Spans / events emitted

Span nameAttributesWhen emitted
tenant.resolveprincipal (redacted to prefix), outcome (cache_hit | lookup_ok | not_found | error), cache_age_sEvery request.
tenant.lookupurl (path only, no query), status, latency_msOn cache miss — when an HTTP lookup is performed.

Bench baseline (BENCH-2; commit 7d0dea0; 2026-06-07): p99 overhead +10.3 ms vs no-plugin baseline at 100 RPS with cache-hit/miss mix. Warm-cache (>80% hit rate under steady-state principal rotation) reduces marginal overhead to near-zero; the 10.3 ms figure includes cold-start principal lookup latency from the mock webhook server.

Log lines

{"level":"INFO","msg":"tenant.resolve","outcome":"cache_hit","principal_prefix":"usr-abc","request_id":"req-001"}
{"level":"WARN","msg":"tenant.lookup","outcome":"not_found","principal_prefix":"usr-xyz","status":404,"request_id":"req-002"}
{"level":"WARN","msg":"tenant.lookup","outcome":"network_error","error":"connection refused","request_id":"req-003"}

Principal values in log lines are truncated to a prefix (first 8 characters + ) to avoid full principal leakage in logs. Full principal is never logged.

Metrics

MetricTypeLabelsDescription
yaagents_plugin_tenant_resolve_totalcounteroutcomeCumulative resolutions by outcome (cache_hit, lookup_ok, not_found, error).
yaagents_plugin_tenant_lookup_duration_secondshistogramstatusHTTP lookup latency when a network call is made.
yaagents_plugin_tenant_cache_sizegaugeCurrent LRU cache occupancy (entries in use).
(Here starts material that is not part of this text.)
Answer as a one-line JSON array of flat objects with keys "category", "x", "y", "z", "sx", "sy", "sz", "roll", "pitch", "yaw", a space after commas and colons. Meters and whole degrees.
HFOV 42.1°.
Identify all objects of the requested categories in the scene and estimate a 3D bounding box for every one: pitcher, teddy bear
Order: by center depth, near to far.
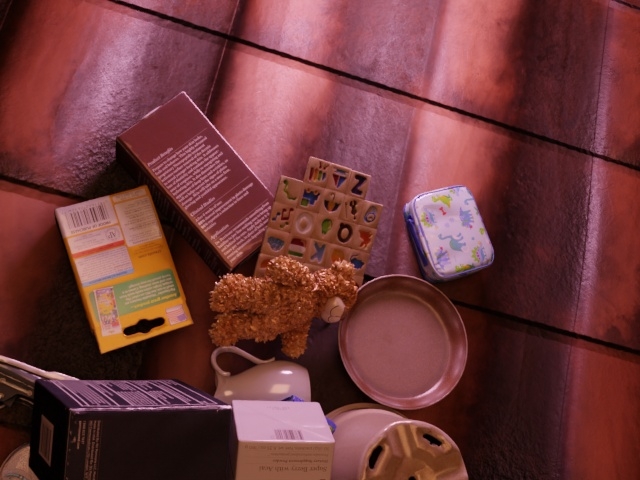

Correlation-id propagation

Reads X-Correlation-ID from the inbound request and attaches it as the correlation_id attribute on the tenant.resolve and tenant.lookup spans. Also set as the outbound X-Correlation-ID header on the tenant-directory lookup call — so the lookup request appears in the tenant-directory’s own traces with the same correlation ID as the original gateway request.

Failure modes

FailureConfigurable behaviorWhat the client sees
principal.claim absent from JWTon_failure.claim_missing (default 401)401 application/vnd.yaagents.error+json
Lookup: connection refused / DNS failon_failure.lookup_network_error (default 503)503 application/vnd.yaagents.error+json
Lookup: timeout exceededon_failure.lookup_timeout (default 503)503 application/vnd.yaagents.error+json
Lookup: directory returns 404on_failure.principal_not_found (default 403)403 application/vnd.yaagents.error+json; negatively cached for negative_ttl_seconds.
Lookup: non-2xx (other than 404)Treated as network-class error → lookup_network_error503 application/vnd.yaagents.error+json
Lookup: 2xx but tenant_id_field absentTreated as parse failure → negatively cached → lookup_network_error503 application/vnd.yaagents.error+json
Allowlist gate: derived tenant not in liston_failure.principal_not_found (default 403)403 application/vnd.yaagents.error+json
enabled: false in configFixed Init error — gateway exits 1Gateway does not start.